Accademia Carrara: 15 gioielli al Metropolitan di NY

Una piccola mostra gioiello di sole 15 opere grazie alla quale alcuni capolavori del patrimonio dell’Accademia Carrara sono ora pronte per sorprendere il pubblico americano al Metropolitan Museum di NY nel corso della mostra Bellini, Titian, and Lotto North italian paintings from the Accademia Carrara, Bergamo in apertura dal 15 maggio al 3 settembre 2012.

L’esposizione, così come suggerisce il titolo, presenterà alcuni assoluti capolavori della pittura del Nord Italia tra '400 e '500 di proprietà dell'Accademia Carrara a firma di grandi maestri come Bellini, Lotto, Tiziano e con loro Moroni, Bergognone, Foppa, Previtali, Cariani, Moretto e Montagna.

“Dopo l'Australia – dice l’Assessore alla cultura del Comune di Bergamo Claudia Sartirani - e il successo della mostra della Carrara a Canberra, questa sarà una nuova prestigiosa vetrina”.

Le opere avranno una collocazione del tutto particolare: “Saranno disposte – spiega Maria Cristina Rodeschini Direttrice d’Istituto Divisione Accademia Carrara e GAMeC – all’interno del Dipartimento della pittura europea, dove il Metropolitan Museum  conserva  la sua collezione permanente, così che i nostri capolavoi possano essere ammirati da tutti i visitatori in transito nel Museo. Questo è stato possibile grazie alla fattiva collaborazione del Metropolitan, ma anche per il numero contenuto delle opere in mostra e per il livello altissimo di tutte loro, così come per l’omogeneità della proposta concentrata sulla produzione pittorica rinascimentale del Nord Italia”.

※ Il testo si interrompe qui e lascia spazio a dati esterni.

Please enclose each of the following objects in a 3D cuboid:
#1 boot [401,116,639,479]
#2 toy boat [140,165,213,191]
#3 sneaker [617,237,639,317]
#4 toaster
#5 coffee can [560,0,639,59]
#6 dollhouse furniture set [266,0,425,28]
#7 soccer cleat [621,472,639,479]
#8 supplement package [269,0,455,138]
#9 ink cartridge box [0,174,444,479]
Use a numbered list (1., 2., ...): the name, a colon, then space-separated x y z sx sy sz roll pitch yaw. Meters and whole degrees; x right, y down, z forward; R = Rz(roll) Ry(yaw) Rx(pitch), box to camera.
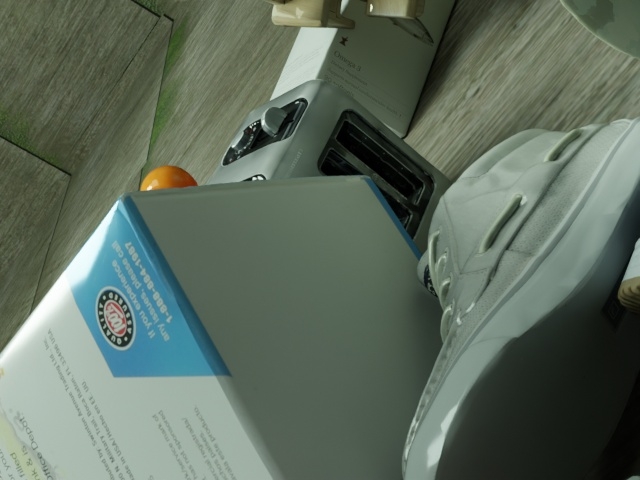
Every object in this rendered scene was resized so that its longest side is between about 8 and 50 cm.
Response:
1. boot: 0.095 0.036 0.543 0.123 0.095 0.258 4 46 51
2. toy boat: -0.118 -0.025 1.110 0.151 0.151 0.231 -57 20 9
3. sneaker: 0.230 -0.040 0.391 0.153 0.099 0.282 -67 19 -13
4. toaster: 0.000 0.000 0.789 0.110 0.185 0.168 -26 32 53
5. coffee can: 0.194 -0.247 0.605 0.201 0.201 0.275 -49 24 28
6. dollhouse furniture set: 0.111 -0.308 0.785 0.355 0.174 0.303 10 94 33
7. soccer cleat: 0.126 0.157 0.397 0.318 0.116 0.108 -38 -12 20
8. supplement package: 0.042 -0.184 1.017 0.105 0.105 0.179 -21 44 60
9. ink cartridge box: -0.061 0.124 0.608 0.270 0.197 0.198 -45 67 35
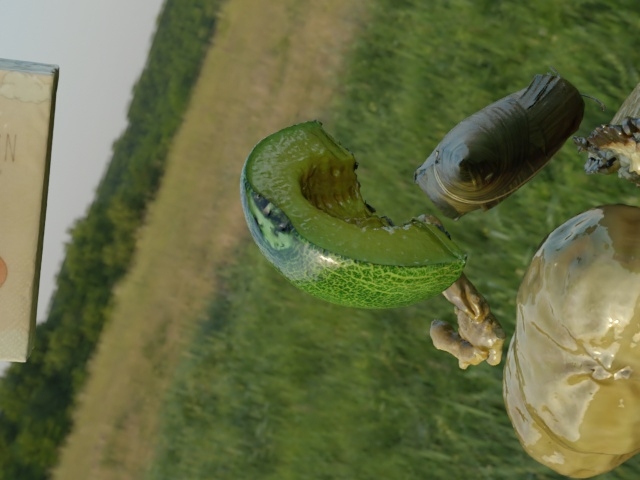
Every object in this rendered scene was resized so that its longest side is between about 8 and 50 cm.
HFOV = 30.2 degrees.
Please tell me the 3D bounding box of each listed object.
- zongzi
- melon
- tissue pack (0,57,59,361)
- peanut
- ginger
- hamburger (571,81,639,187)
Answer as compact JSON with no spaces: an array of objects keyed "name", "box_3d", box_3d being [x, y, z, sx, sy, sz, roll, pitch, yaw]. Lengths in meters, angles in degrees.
[{"name":"zongzi","box_3d":[0.243,-0.132,1.436,0.248,0.111,0.241,-37,-2,-7]},{"name":"melon","box_3d":[0.000,0.000,1.244,0.265,0.169,0.129,46,131,33]},{"name":"tissue pack","box_3d":[-0.381,-0.035,1.280,0.071,0.170,0.325,-120,38,-73]},{"name":"peanut","box_3d":[0.250,0.105,1.045,0.387,0.169,0.192,82,-164,-64]},{"name":"ginger","box_3d":[0.172,0.071,1.491,0.052,0.176,0.193,-34,-33,-28]},{"name":"hamburger","box_3d":[0.389,-0.108,0.920,0.287,0.268,0.445,-54,-5,6]}]
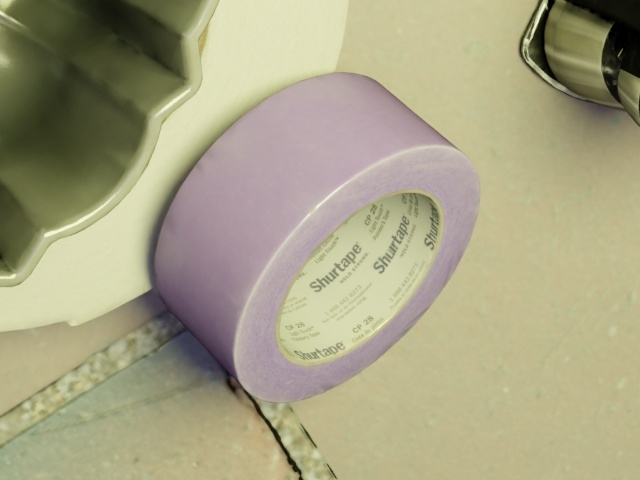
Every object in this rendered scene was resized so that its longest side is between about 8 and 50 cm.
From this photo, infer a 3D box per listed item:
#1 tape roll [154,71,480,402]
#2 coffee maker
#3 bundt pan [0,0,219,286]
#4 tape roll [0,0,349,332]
[{"bbox_3d":[0.000,0.000,0.914,0.189,0.080,0.189,-31,146,-25],"label":"tape roll"},{"bbox_3d":[0.211,-0.147,0.923,0.120,0.178,0.171,-3,108,-15],"label":"coffee maker"},{"bbox_3d":[-0.212,-0.130,0.674,0.331,0.124,0.330,-17,124,-27],"label":"bundt pan"},{"bbox_3d":[-0.168,-0.130,0.832,0.392,0.072,0.392,-13,121,-22],"label":"tape roll"}]
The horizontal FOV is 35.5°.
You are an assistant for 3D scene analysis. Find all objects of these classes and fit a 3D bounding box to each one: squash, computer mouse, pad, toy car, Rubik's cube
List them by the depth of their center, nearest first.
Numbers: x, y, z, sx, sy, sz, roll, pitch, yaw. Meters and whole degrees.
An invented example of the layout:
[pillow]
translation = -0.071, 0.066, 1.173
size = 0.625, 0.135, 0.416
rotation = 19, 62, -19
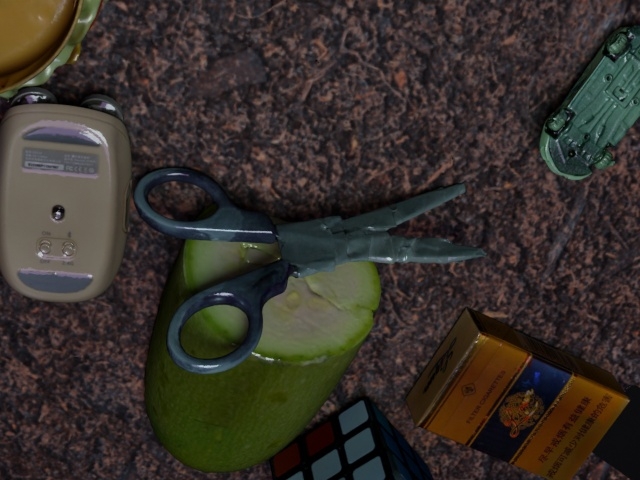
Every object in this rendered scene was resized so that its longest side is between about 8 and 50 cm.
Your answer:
[computer mouse]
translation = -0.277, -0.045, 1.073
size = 0.145, 0.082, 0.237
rotation = 3, 112, -8
[toy car]
translation = 0.311, -0.154, 1.113
size = 0.093, 0.058, 0.186
rotation = 35, 94, -20
[squash]
translation = -0.088, 0.145, 1.199
size = 0.233, 0.210, 0.309
rotation = 12, 141, -14
[Rubik's cube]
translation = 0.052, 0.323, 1.236
size = 0.163, 0.162, 0.161
rotation = -34, 119, 10
[pad]
translation = 0.435, 0.270, 1.354
size = 0.157, 0.003, 0.112
rotation = 36, 105, -21

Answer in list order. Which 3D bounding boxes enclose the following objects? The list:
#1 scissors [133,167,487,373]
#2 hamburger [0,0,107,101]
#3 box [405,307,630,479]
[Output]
[scissors]
translation = 0.000, 0.000, 1.091
size = 0.383, 0.256, 0.029
rotation = -11, 148, -17
[hamburger]
translation = -0.313, -0.271, 0.893
size = 0.274, 0.212, 0.275
rotation = -1, 121, -1
[box]
translation = 0.249, 0.201, 1.263
size = 0.237, 0.070, 0.152
rotation = 25, 110, -16
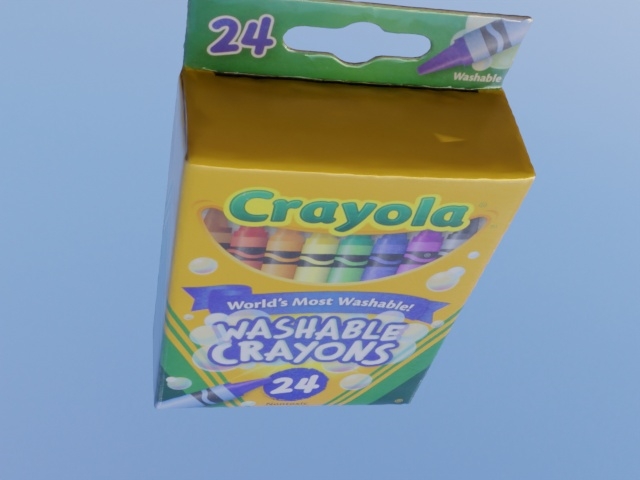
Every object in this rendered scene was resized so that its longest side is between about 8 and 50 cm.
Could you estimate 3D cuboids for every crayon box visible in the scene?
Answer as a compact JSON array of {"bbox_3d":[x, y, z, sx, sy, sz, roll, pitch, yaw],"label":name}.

Tra le opere esposte vi saranno il Cristo in pietà di Giovanni Bellini, l'opera giovanile di Tiziano Orfeo ed Euridice, tre dipinti del Lotto realizzati per la pala di Martinengo (San Domenico resuscita Napoleone Orsini, Cristo deposto nel sepolcro e la Lapidazione di santo Stefano) e il celebre ritratto di Lucina Brembati oltre ai ritratti di Giovane gentiluomo e della Bambina di casa Redetti  del Moroni : “Non dimentichiamo inoltre – sottolinea sempre Rodeschini – la presenza de i  Tre Crocefissi di Foppa opera fondamentale per il rinnovamento del linguaggio pittorico nella Lombardia di metà '400”.

La mostra racchude dunque  soggetti sacri e ritratti che testimoniano l'alta qualità dei dipinti dell'Accademia Carrara, profondamente legati alla cultura del territorio in cui hanno visto la luce e salvaguardati da lungimiranti collezionisti come il conte Giacomo Carrara, Guglielmo Lochis e Giovanni Morelli. Opere da più di 200 anni a disposizione del pubblico, secondo l’idea originaria del museo-accademia: “La componente educativa del collezionismo accomuna la Carrara al Met, fondato 70 anni dopo la nostra Pinacoteca”  conclude Rodeschini.